:: Exercise inputs ::

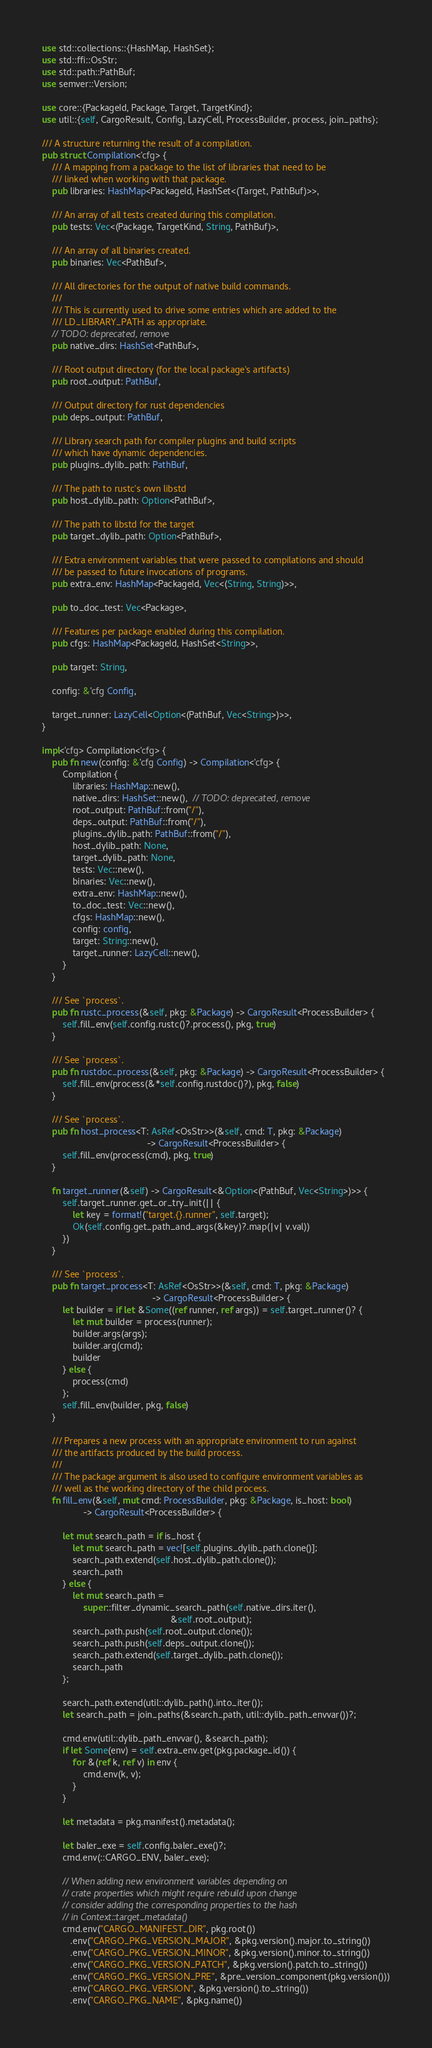Convert code to text. <code><loc_0><loc_0><loc_500><loc_500><_Rust_>use std::collections::{HashMap, HashSet};
use std::ffi::OsStr;
use std::path::PathBuf;
use semver::Version;

use core::{PackageId, Package, Target, TargetKind};
use util::{self, CargoResult, Config, LazyCell, ProcessBuilder, process, join_paths};

/// A structure returning the result of a compilation.
pub struct Compilation<'cfg> {
    /// A mapping from a package to the list of libraries that need to be
    /// linked when working with that package.
    pub libraries: HashMap<PackageId, HashSet<(Target, PathBuf)>>,

    /// An array of all tests created during this compilation.
    pub tests: Vec<(Package, TargetKind, String, PathBuf)>,

    /// An array of all binaries created.
    pub binaries: Vec<PathBuf>,

    /// All directories for the output of native build commands.
    ///
    /// This is currently used to drive some entries which are added to the
    /// LD_LIBRARY_PATH as appropriate.
    // TODO: deprecated, remove
    pub native_dirs: HashSet<PathBuf>,

    /// Root output directory (for the local package's artifacts)
    pub root_output: PathBuf,

    /// Output directory for rust dependencies
    pub deps_output: PathBuf,

    /// Library search path for compiler plugins and build scripts
    /// which have dynamic dependencies.
    pub plugins_dylib_path: PathBuf,

    /// The path to rustc's own libstd
    pub host_dylib_path: Option<PathBuf>,

    /// The path to libstd for the target
    pub target_dylib_path: Option<PathBuf>,

    /// Extra environment variables that were passed to compilations and should
    /// be passed to future invocations of programs.
    pub extra_env: HashMap<PackageId, Vec<(String, String)>>,

    pub to_doc_test: Vec<Package>,

    /// Features per package enabled during this compilation.
    pub cfgs: HashMap<PackageId, HashSet<String>>,

    pub target: String,

    config: &'cfg Config,

    target_runner: LazyCell<Option<(PathBuf, Vec<String>)>>,
}

impl<'cfg> Compilation<'cfg> {
    pub fn new(config: &'cfg Config) -> Compilation<'cfg> {
        Compilation {
            libraries: HashMap::new(),
            native_dirs: HashSet::new(),  // TODO: deprecated, remove
            root_output: PathBuf::from("/"),
            deps_output: PathBuf::from("/"),
            plugins_dylib_path: PathBuf::from("/"),
            host_dylib_path: None,
            target_dylib_path: None,
            tests: Vec::new(),
            binaries: Vec::new(),
            extra_env: HashMap::new(),
            to_doc_test: Vec::new(),
            cfgs: HashMap::new(),
            config: config,
            target: String::new(),
            target_runner: LazyCell::new(),
        }
    }

    /// See `process`.
    pub fn rustc_process(&self, pkg: &Package) -> CargoResult<ProcessBuilder> {
        self.fill_env(self.config.rustc()?.process(), pkg, true)
    }

    /// See `process`.
    pub fn rustdoc_process(&self, pkg: &Package) -> CargoResult<ProcessBuilder> {
        self.fill_env(process(&*self.config.rustdoc()?), pkg, false)
    }

    /// See `process`.
    pub fn host_process<T: AsRef<OsStr>>(&self, cmd: T, pkg: &Package)
                                         -> CargoResult<ProcessBuilder> {
        self.fill_env(process(cmd), pkg, true)
    }

    fn target_runner(&self) -> CargoResult<&Option<(PathBuf, Vec<String>)>> {
        self.target_runner.get_or_try_init(|| {
            let key = format!("target.{}.runner", self.target);
            Ok(self.config.get_path_and_args(&key)?.map(|v| v.val))
        })
    }

    /// See `process`.
    pub fn target_process<T: AsRef<OsStr>>(&self, cmd: T, pkg: &Package)
                                           -> CargoResult<ProcessBuilder> {
        let builder = if let &Some((ref runner, ref args)) = self.target_runner()? {
            let mut builder = process(runner);
            builder.args(args);
            builder.arg(cmd);
            builder
        } else {
            process(cmd)
        };
        self.fill_env(builder, pkg, false)
    }

    /// Prepares a new process with an appropriate environment to run against
    /// the artifacts produced by the build process.
    ///
    /// The package argument is also used to configure environment variables as
    /// well as the working directory of the child process.
    fn fill_env(&self, mut cmd: ProcessBuilder, pkg: &Package, is_host: bool)
                -> CargoResult<ProcessBuilder> {

        let mut search_path = if is_host {
            let mut search_path = vec![self.plugins_dylib_path.clone()];
            search_path.extend(self.host_dylib_path.clone());
            search_path
        } else {
            let mut search_path =
                super::filter_dynamic_search_path(self.native_dirs.iter(),
                                                  &self.root_output);
            search_path.push(self.root_output.clone());
            search_path.push(self.deps_output.clone());
            search_path.extend(self.target_dylib_path.clone());
            search_path
        };

        search_path.extend(util::dylib_path().into_iter());
        let search_path = join_paths(&search_path, util::dylib_path_envvar())?;

        cmd.env(util::dylib_path_envvar(), &search_path);
        if let Some(env) = self.extra_env.get(pkg.package_id()) {
            for &(ref k, ref v) in env {
                cmd.env(k, v);
            }
        }

        let metadata = pkg.manifest().metadata();

        let baler_exe = self.config.baler_exe()?;
        cmd.env(::CARGO_ENV, baler_exe);

        // When adding new environment variables depending on
        // crate properties which might require rebuild upon change
        // consider adding the corresponding properties to the hash
        // in Context::target_metadata()
        cmd.env("CARGO_MANIFEST_DIR", pkg.root())
           .env("CARGO_PKG_VERSION_MAJOR", &pkg.version().major.to_string())
           .env("CARGO_PKG_VERSION_MINOR", &pkg.version().minor.to_string())
           .env("CARGO_PKG_VERSION_PATCH", &pkg.version().patch.to_string())
           .env("CARGO_PKG_VERSION_PRE", &pre_version_component(pkg.version()))
           .env("CARGO_PKG_VERSION", &pkg.version().to_string())
           .env("CARGO_PKG_NAME", &pkg.name())</code>

:::

> [Exercise goal]: Every record must be copied exactly, with images dropped from the result.

> [Solved exercise]:
Convert code to text. <code><loc_0><loc_0><loc_500><loc_500><_Rust_>use std::collections::{HashMap, HashSet};
use std::ffi::OsStr;
use std::path::PathBuf;
use semver::Version;

use core::{PackageId, Package, Target, TargetKind};
use util::{self, CargoResult, Config, LazyCell, ProcessBuilder, process, join_paths};

/// A structure returning the result of a compilation.
pub struct Compilation<'cfg> {
    /// A mapping from a package to the list of libraries that need to be
    /// linked when working with that package.
    pub libraries: HashMap<PackageId, HashSet<(Target, PathBuf)>>,

    /// An array of all tests created during this compilation.
    pub tests: Vec<(Package, TargetKind, String, PathBuf)>,

    /// An array of all binaries created.
    pub binaries: Vec<PathBuf>,

    /// All directories for the output of native build commands.
    ///
    /// This is currently used to drive some entries which are added to the
    /// LD_LIBRARY_PATH as appropriate.
    // TODO: deprecated, remove
    pub native_dirs: HashSet<PathBuf>,

    /// Root output directory (for the local package's artifacts)
    pub root_output: PathBuf,

    /// Output directory for rust dependencies
    pub deps_output: PathBuf,

    /// Library search path for compiler plugins and build scripts
    /// which have dynamic dependencies.
    pub plugins_dylib_path: PathBuf,

    /// The path to rustc's own libstd
    pub host_dylib_path: Option<PathBuf>,

    /// The path to libstd for the target
    pub target_dylib_path: Option<PathBuf>,

    /// Extra environment variables that were passed to compilations and should
    /// be passed to future invocations of programs.
    pub extra_env: HashMap<PackageId, Vec<(String, String)>>,

    pub to_doc_test: Vec<Package>,

    /// Features per package enabled during this compilation.
    pub cfgs: HashMap<PackageId, HashSet<String>>,

    pub target: String,

    config: &'cfg Config,

    target_runner: LazyCell<Option<(PathBuf, Vec<String>)>>,
}

impl<'cfg> Compilation<'cfg> {
    pub fn new(config: &'cfg Config) -> Compilation<'cfg> {
        Compilation {
            libraries: HashMap::new(),
            native_dirs: HashSet::new(),  // TODO: deprecated, remove
            root_output: PathBuf::from("/"),
            deps_output: PathBuf::from("/"),
            plugins_dylib_path: PathBuf::from("/"),
            host_dylib_path: None,
            target_dylib_path: None,
            tests: Vec::new(),
            binaries: Vec::new(),
            extra_env: HashMap::new(),
            to_doc_test: Vec::new(),
            cfgs: HashMap::new(),
            config: config,
            target: String::new(),
            target_runner: LazyCell::new(),
        }
    }

    /// See `process`.
    pub fn rustc_process(&self, pkg: &Package) -> CargoResult<ProcessBuilder> {
        self.fill_env(self.config.rustc()?.process(), pkg, true)
    }

    /// See `process`.
    pub fn rustdoc_process(&self, pkg: &Package) -> CargoResult<ProcessBuilder> {
        self.fill_env(process(&*self.config.rustdoc()?), pkg, false)
    }

    /// See `process`.
    pub fn host_process<T: AsRef<OsStr>>(&self, cmd: T, pkg: &Package)
                                         -> CargoResult<ProcessBuilder> {
        self.fill_env(process(cmd), pkg, true)
    }

    fn target_runner(&self) -> CargoResult<&Option<(PathBuf, Vec<String>)>> {
        self.target_runner.get_or_try_init(|| {
            let key = format!("target.{}.runner", self.target);
            Ok(self.config.get_path_and_args(&key)?.map(|v| v.val))
        })
    }

    /// See `process`.
    pub fn target_process<T: AsRef<OsStr>>(&self, cmd: T, pkg: &Package)
                                           -> CargoResult<ProcessBuilder> {
        let builder = if let &Some((ref runner, ref args)) = self.target_runner()? {
            let mut builder = process(runner);
            builder.args(args);
            builder.arg(cmd);
            builder
        } else {
            process(cmd)
        };
        self.fill_env(builder, pkg, false)
    }

    /// Prepares a new process with an appropriate environment to run against
    /// the artifacts produced by the build process.
    ///
    /// The package argument is also used to configure environment variables as
    /// well as the working directory of the child process.
    fn fill_env(&self, mut cmd: ProcessBuilder, pkg: &Package, is_host: bool)
                -> CargoResult<ProcessBuilder> {

        let mut search_path = if is_host {
            let mut search_path = vec![self.plugins_dylib_path.clone()];
            search_path.extend(self.host_dylib_path.clone());
            search_path
        } else {
            let mut search_path =
                super::filter_dynamic_search_path(self.native_dirs.iter(),
                                                  &self.root_output);
            search_path.push(self.root_output.clone());
            search_path.push(self.deps_output.clone());
            search_path.extend(self.target_dylib_path.clone());
            search_path
        };

        search_path.extend(util::dylib_path().into_iter());
        let search_path = join_paths(&search_path, util::dylib_path_envvar())?;

        cmd.env(util::dylib_path_envvar(), &search_path);
        if let Some(env) = self.extra_env.get(pkg.package_id()) {
            for &(ref k, ref v) in env {
                cmd.env(k, v);
            }
        }

        let metadata = pkg.manifest().metadata();

        let baler_exe = self.config.baler_exe()?;
        cmd.env(::CARGO_ENV, baler_exe);

        // When adding new environment variables depending on
        // crate properties which might require rebuild upon change
        // consider adding the corresponding properties to the hash
        // in Context::target_metadata()
        cmd.env("CARGO_MANIFEST_DIR", pkg.root())
           .env("CARGO_PKG_VERSION_MAJOR", &pkg.version().major.to_string())
           .env("CARGO_PKG_VERSION_MINOR", &pkg.version().minor.to_string())
           .env("CARGO_PKG_VERSION_PATCH", &pkg.version().patch.to_string())
           .env("CARGO_PKG_VERSION_PRE", &pre_version_component(pkg.version()))
           .env("CARGO_PKG_VERSION", &pkg.version().to_string())
           .env("CARGO_PKG_NAME", &pkg.name())</code>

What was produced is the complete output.